Take a minute to optimize the preference settings in this case. You will find them under “core options” in DT’s preference dialog. You might also find these parameters as configuration variables in $HOME/.config/darktable/darktablerc and edit them there.
Here is a short explanation of the relevant parameters and their proposed settings.
“number of background threads”
(parameter in darktablerc: worker_threads)
This parameter defines the maximum number of threads that are allowed in parallel when importing film rolls or doing other background stuff. For obvious reasons on 32-bit systems you can only have one thread eating resources at a time. So you need set this parameter to 1; anything higher will kill you. For the same reason you also must set the number of parallel export threads to 1.
“host memory limit (in MB) for tiling”
(parameter in darktablerc: host_memory_limit)
This parameter tells DT how much memory (in MB) it should assume as available to store image buffers during module operations. If an image can not be processed within these limits in one chunk, tiling will take over and process the image in several parts, one after the other. Set this to the lowest possible value of 500 as a starting point. You might experiment later whether you can increase it a bit in order to reduce the overhead of tiling.

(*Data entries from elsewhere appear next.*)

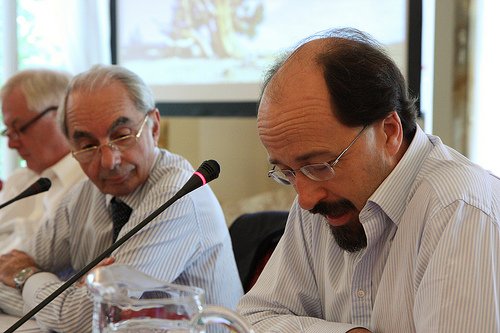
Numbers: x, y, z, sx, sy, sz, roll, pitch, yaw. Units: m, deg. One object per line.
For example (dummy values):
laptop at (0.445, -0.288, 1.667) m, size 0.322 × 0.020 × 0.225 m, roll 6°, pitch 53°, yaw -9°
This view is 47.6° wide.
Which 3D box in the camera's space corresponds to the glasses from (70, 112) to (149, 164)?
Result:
glasses at (-0.695, -0.133, 2.866) m, size 0.392 × 0.237 × 0.120 m, roll -3°, pitch 12°, yaw -15°

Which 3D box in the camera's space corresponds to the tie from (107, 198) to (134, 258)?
tie at (-0.683, 0.295, 2.956) m, size 0.157 × 0.209 × 0.063 m, roll -17°, pitch -24°, yaw 38°

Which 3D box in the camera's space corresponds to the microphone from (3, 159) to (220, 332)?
microphone at (-0.634, 0.385, 2.690) m, size 1.434 × 0.110 × 0.104 m, roll -33°, pitch 24°, yaw -17°

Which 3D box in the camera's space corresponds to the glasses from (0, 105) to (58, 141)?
glasses at (-1.307, -0.268, 3.374) m, size 0.063 × 0.234 × 0.225 m, roll -46°, pitch 15°, yaw -9°

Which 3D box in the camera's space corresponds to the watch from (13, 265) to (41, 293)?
watch at (-1.148, 0.566, 2.929) m, size 0.116 × 0.120 × 0.083 m, roll -41°, pitch 52°, yaw -16°
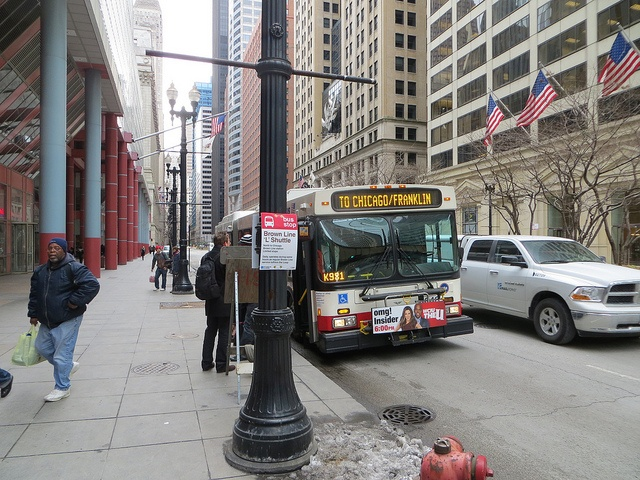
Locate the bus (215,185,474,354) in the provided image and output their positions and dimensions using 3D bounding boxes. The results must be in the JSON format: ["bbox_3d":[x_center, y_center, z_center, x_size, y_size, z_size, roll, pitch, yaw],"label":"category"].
[{"bbox_3d":[1.146,-0.539,13.650,3.245,3.456,7.055,-5,20,-1],"label":"bus"}]

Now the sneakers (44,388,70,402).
[{"bbox_3d":[-4.053,2.415,8.213,0.138,0.171,0.389,0,-10,33],"label":"sneakers"}]

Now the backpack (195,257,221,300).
[{"bbox_3d":[-2.042,0.690,9.435,0.482,0.710,0.366,9,17,26],"label":"backpack"}]

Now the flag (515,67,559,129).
[{"bbox_3d":[8.569,-5.600,20.834,0.606,2.008,1.501,-3,7,-28],"label":"flag"}]

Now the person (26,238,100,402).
[{"bbox_3d":[-3.992,1.220,8.239,1.032,2.489,0.533,-1,6,-12],"label":"person"}]

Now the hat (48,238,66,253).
[{"bbox_3d":[-4.073,0.083,8.256,0.203,0.235,0.281,2,-1,7],"label":"hat"}]

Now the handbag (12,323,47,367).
[{"bbox_3d":[-4.579,1.605,8.287,0.285,0.569,0.414,18,-3,38],"label":"handbag"}]

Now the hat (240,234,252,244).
[{"bbox_3d":[-1.611,-0.001,11.516,0.358,0.204,0.526,1,0,-3],"label":"hat"}]
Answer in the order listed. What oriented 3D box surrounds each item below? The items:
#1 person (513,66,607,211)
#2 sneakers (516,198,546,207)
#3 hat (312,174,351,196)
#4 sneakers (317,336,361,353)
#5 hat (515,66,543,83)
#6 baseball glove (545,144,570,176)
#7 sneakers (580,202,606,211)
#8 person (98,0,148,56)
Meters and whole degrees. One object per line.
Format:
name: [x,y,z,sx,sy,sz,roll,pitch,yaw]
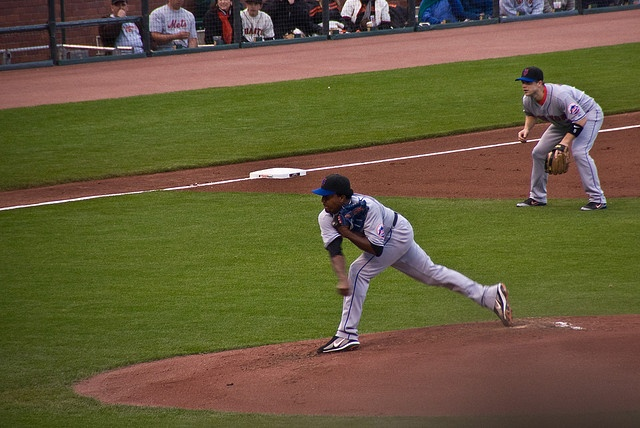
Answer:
person: [3.832,-1.177,18.472,1.308,2.340,0.817,-5,11,11]
sneakers: [3.422,-0.184,19.035,0.518,0.147,0.163,2,3,-2]
hat: [0.154,-0.356,14.729,0.456,0.196,0.260,2,10,0]
sneakers: [0.241,1.683,14.946,0.637,0.185,0.185,-1,-2,0]
hat: [3.291,-2.168,18.195,0.462,0.187,0.259,2,14,-6]
baseball glove: [3.739,-0.841,18.172,0.193,0.419,0.376,17,-25,-42]
sneakers: [4.371,-0.111,18.564,0.455,0.135,0.133,0,10,5]
person: [-4.805,-4.459,28.050,1.048,1.293,1.076,-8,10,-7]
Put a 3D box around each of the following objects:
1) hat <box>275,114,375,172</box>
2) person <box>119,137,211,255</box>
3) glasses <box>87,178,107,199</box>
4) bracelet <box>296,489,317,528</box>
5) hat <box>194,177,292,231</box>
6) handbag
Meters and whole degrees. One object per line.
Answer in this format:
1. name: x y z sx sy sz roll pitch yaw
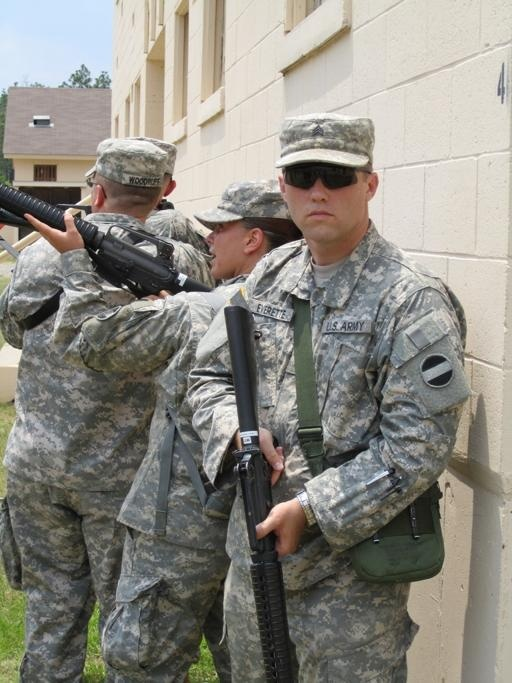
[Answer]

“minimum amount of memory (in MB) for a single buffer in tiling”
(parameter in darktablerc: singlebuffer_limit)
This is a second parameter that controls tiling. It sets a lower limit for the size of intermediate image buffers in megabytes. The parameter is needed to avoid excessive tiling in some cases (for some modules). Set this parameter to a low value of 8. You might tentatively increase it to 16 later.
“memory in bytes to use for mipmap cache”
(parameter in darktablerc: cache_memory)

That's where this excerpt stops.